The MacBook Pro sits open on a stand to the right of the lower external display. The laptop drives two stacked, 34-inch Xiaomi ultra-wide, curved 4K displays sitting on North Bayou Monitor Arms providing up to 270 degrees of rotation.
The 21:9 ratio gaming displays run at a quick refresh rate of 144Hz. They feature 4ms response time and 3440 × 1440 pixel resolution. They display 16.7 million colors.
But all commenters really cared about was their placement and the implied bad ergonomics. They imagined sore eyes and stiff necks from looking up and looking down. Wouldn’t it work better to tilt the top screen downward? Shouldn’t the bottom one not be tilted away from the user?
Here’s how one thoughtful commenter put it:
I love the concept, but can never understand the ergonomics of these setups, you either have to be looking up (really bad for neck/back) or standing and then looking down (I can’t stand all day). I would love to find a great way to do this, as I think there is a use case, I just can’t find a way that would not leaving me requiring a chiropractor every night.
And another person said this:
The thing that’s bugging me the most is the monitor placement: The lower monitor feels like it’s tilted too far backwards and the upper one in my view needs to be tilted downwards otherwise you might feel that in your neck.
Tilting displays can actually improve ergonomics
But Link said he doesn’t have any such problems. In fact, he thinks the ergonomics work “much better with this new setup.”
He suggested his photo’s angle may make the top monitor look higher than the eye level where it actually sits when he’s seated. He sees no reason to tilt the screen down because he’s not looking up at it, but straight on. And the lower one doesn’t make him look down because it’s higher than laptop level.
“Much like a curved display brings horizontal viewing angles closer to the eye, the tilted display brings the vertical viewing angle much closer to the eye, reducing the strain of looking further,” he said.
“The MacBook Pro is sitting on a laptop stand that’s tilted up, having the screen higher than laptop level.

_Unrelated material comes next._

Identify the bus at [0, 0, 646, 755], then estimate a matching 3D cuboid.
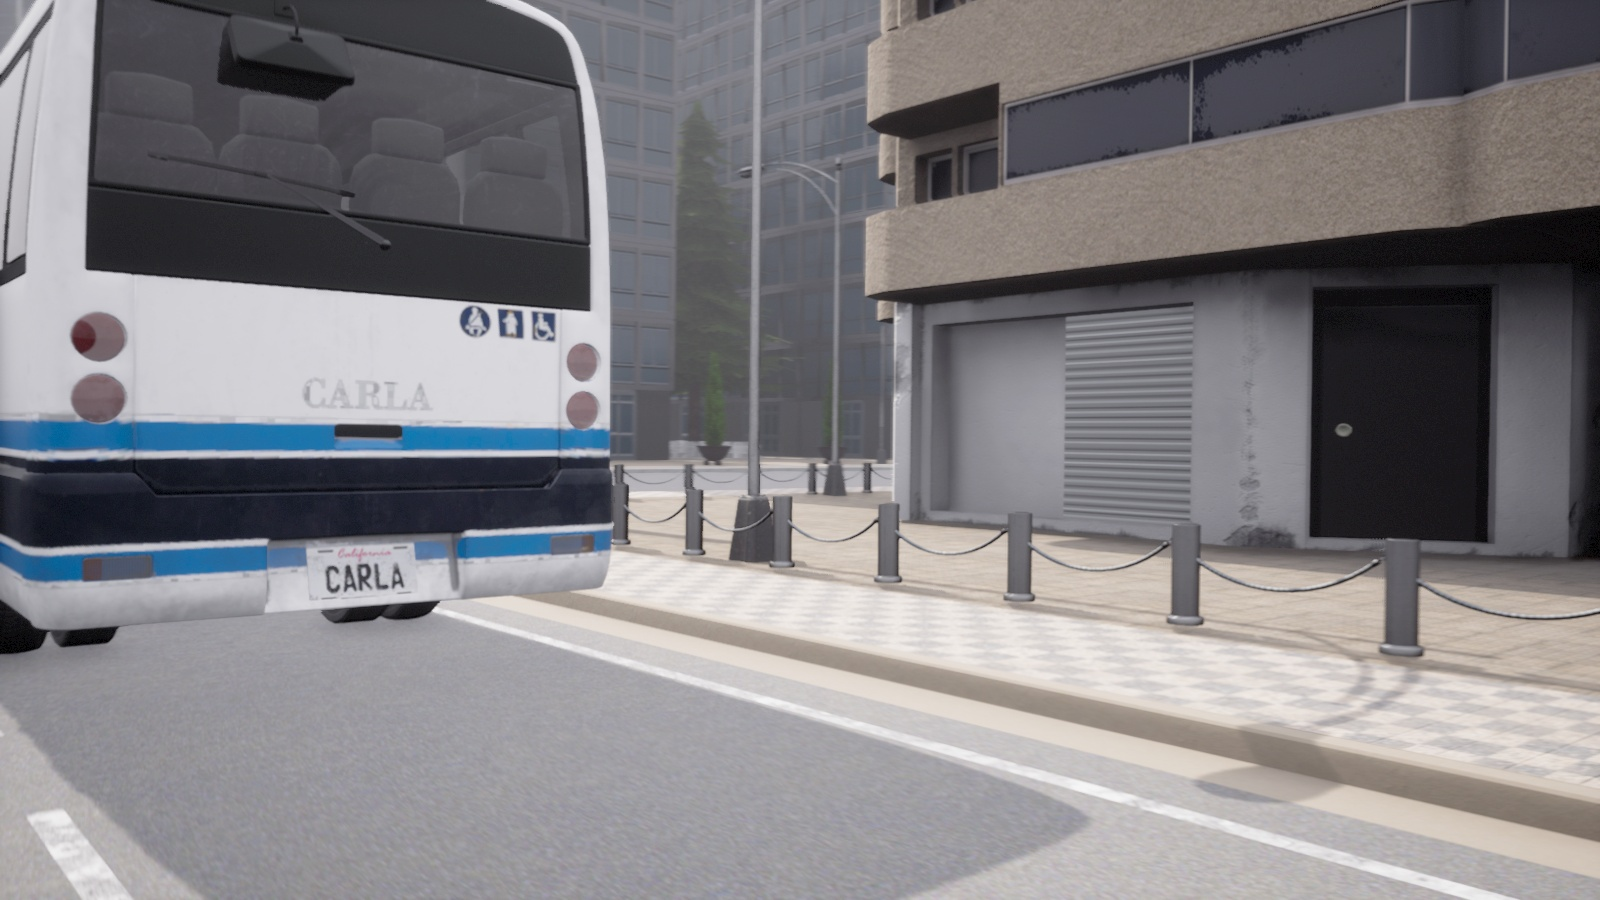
[{"bbox_3d":[-5.837,-0.719,11.072,3.944,4.253,10.273,-1,1,-40],"label":"bus"}]

Finally, if I have windows at the opposite ends of each screen, I can navigate between them more easily than having the screens side by side,” he added.
Powerful Kali speakers
Link seems serious about high-quality audio, judging by the way he mounts 80-watt Kali LP 6 studio monitors/speakers on speaker stands and points the right at his head.
The speakers’ 3D Imaging Waveguide teases a 3D sound stage from stereo sound. Dual Layer Voice Coil encourages low harmonic distortion in a high dynamic range. They’re designed for super-clear sound in a small space, like a home studio, an editing bay — or a computer setup.

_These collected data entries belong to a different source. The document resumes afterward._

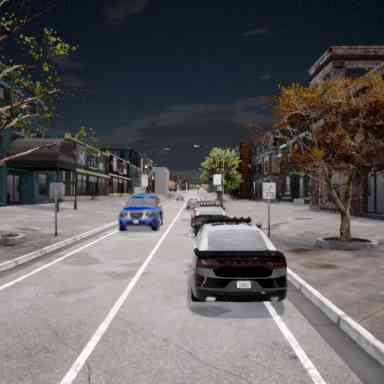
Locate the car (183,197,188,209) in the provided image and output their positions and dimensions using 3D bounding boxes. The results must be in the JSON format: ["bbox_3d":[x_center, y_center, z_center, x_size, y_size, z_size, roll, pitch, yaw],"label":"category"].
[{"bbox_3d":[0.175,1.632,45.982,2.033,1.411,5.357,0,0,0],"label":"car"}]

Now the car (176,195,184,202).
[{"bbox_3d":[-2.730,1.430,76.580,1.837,1.490,4.892,0,1,0],"label":"car"}]

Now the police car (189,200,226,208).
[{"bbox_3d":[0.964,1.463,18.481,1.930,1.638,5.238,0,0,0],"label":"police car"}]

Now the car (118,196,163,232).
[{"bbox_3d":[-3.027,1.264,20.784,2.150,2.045,5.566,0,0,0],"label":"car"}]

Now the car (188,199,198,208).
[{"bbox_3d":[0.985,1.401,24.341,2.097,1.767,4.553,0,0,0],"label":"car"}]

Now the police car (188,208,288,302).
[{"bbox_3d":[0.929,1.441,8.481,1.930,1.638,5.238,0,0,0],"label":"police car"}]

But a commenter noted the room itself could use some help in the audio department.
From an audio perspective you will get some early reflections off the hard desk especially without a mouse pad or anything. Results in some comb filtering but if you’re not hardcore mixing or mastering won’t matter too much.

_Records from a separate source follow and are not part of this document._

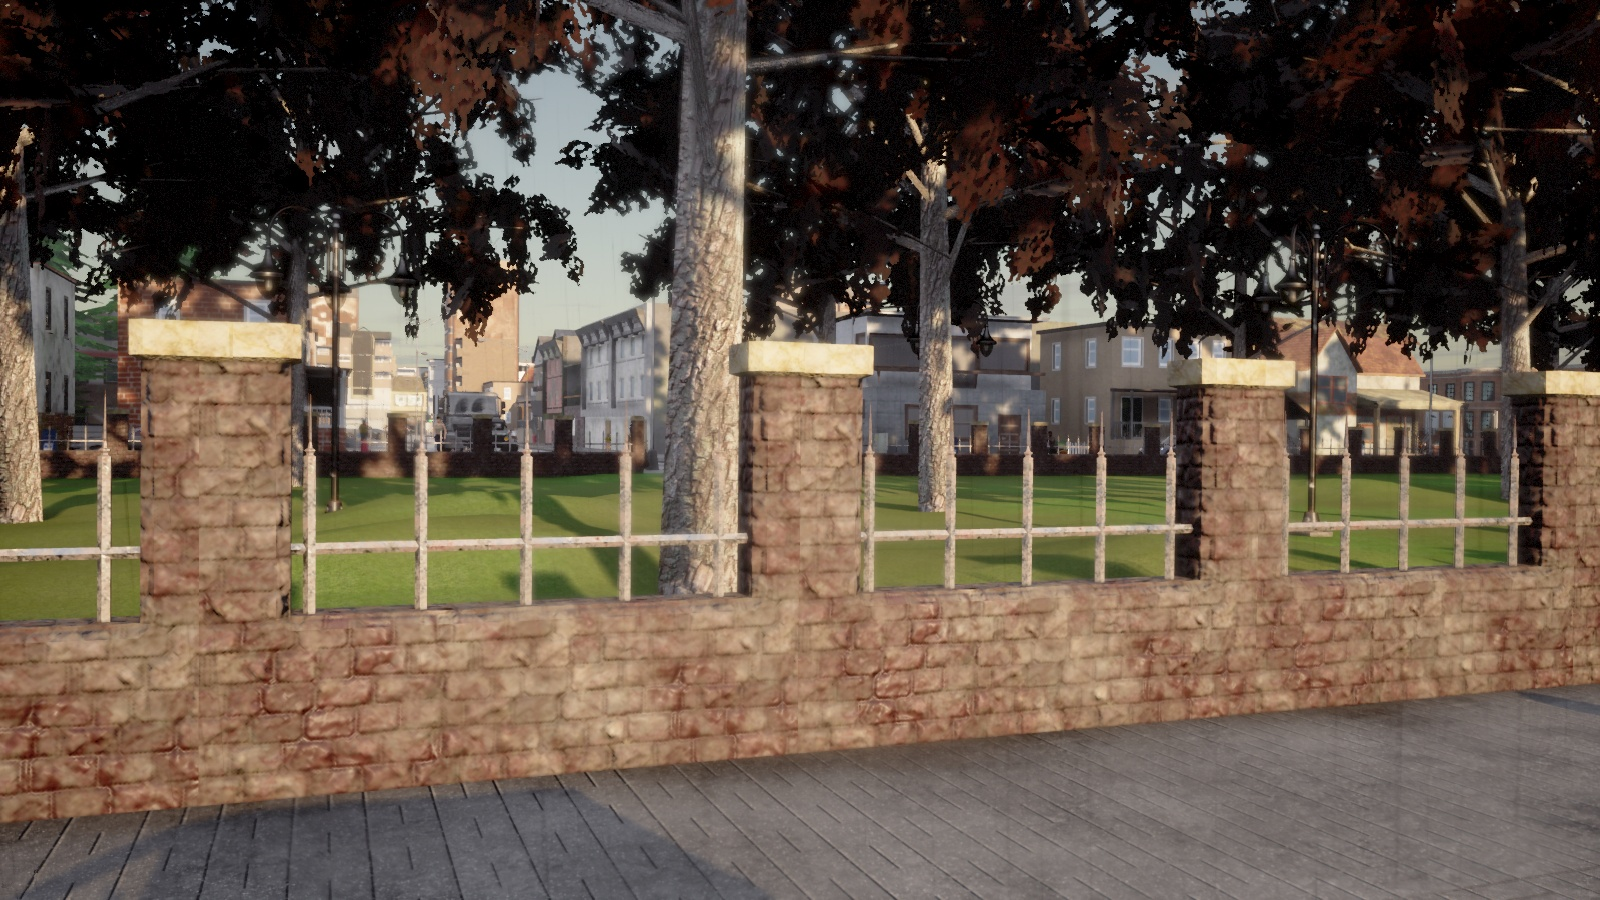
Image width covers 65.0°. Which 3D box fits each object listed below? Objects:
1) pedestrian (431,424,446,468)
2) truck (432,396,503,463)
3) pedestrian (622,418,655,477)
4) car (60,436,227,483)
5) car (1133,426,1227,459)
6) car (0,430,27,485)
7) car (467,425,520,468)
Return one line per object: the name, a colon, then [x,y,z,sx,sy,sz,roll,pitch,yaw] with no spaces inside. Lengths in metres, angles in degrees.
pedestrian: [-15.173,-0.191,52.711,0.345,1.836,0.594,0,1,18]
truck: [-18.233,-1.099,68.486,2.891,3.462,7.936,-1,1,-21]
pedestrian: [-5.189,-0.091,40.250,0.899,1.844,0.634,-1,1,-21]
car: [-22.658,0.290,43.591,4.902,1.511,2.128,-1,1,-20]
car: [17.850,-0.389,59.012,3.806,1.475,1.970,-1,1,-21]
car: [-26.395,0.246,37.824,5.027,1.651,2.152,-1,1,-24]
car: [-14.079,-0.189,57.571,1.905,1.878,3.866,-1,1,-21]

One of the BEST things to do is treat your room. I see you have blank walls and if you are to spend money on something I would highly suggest putting even some kind of treatment up.
“Thanks for this,” Link replied. “My home office is an audio nightmare because of the windows that take two walls and an upstairs balcony entrance. Can you share any advice on treating glass, corners and wooden floors?”
No reply came, but sources online can be helpful for learning how to treat a room for ideal sound.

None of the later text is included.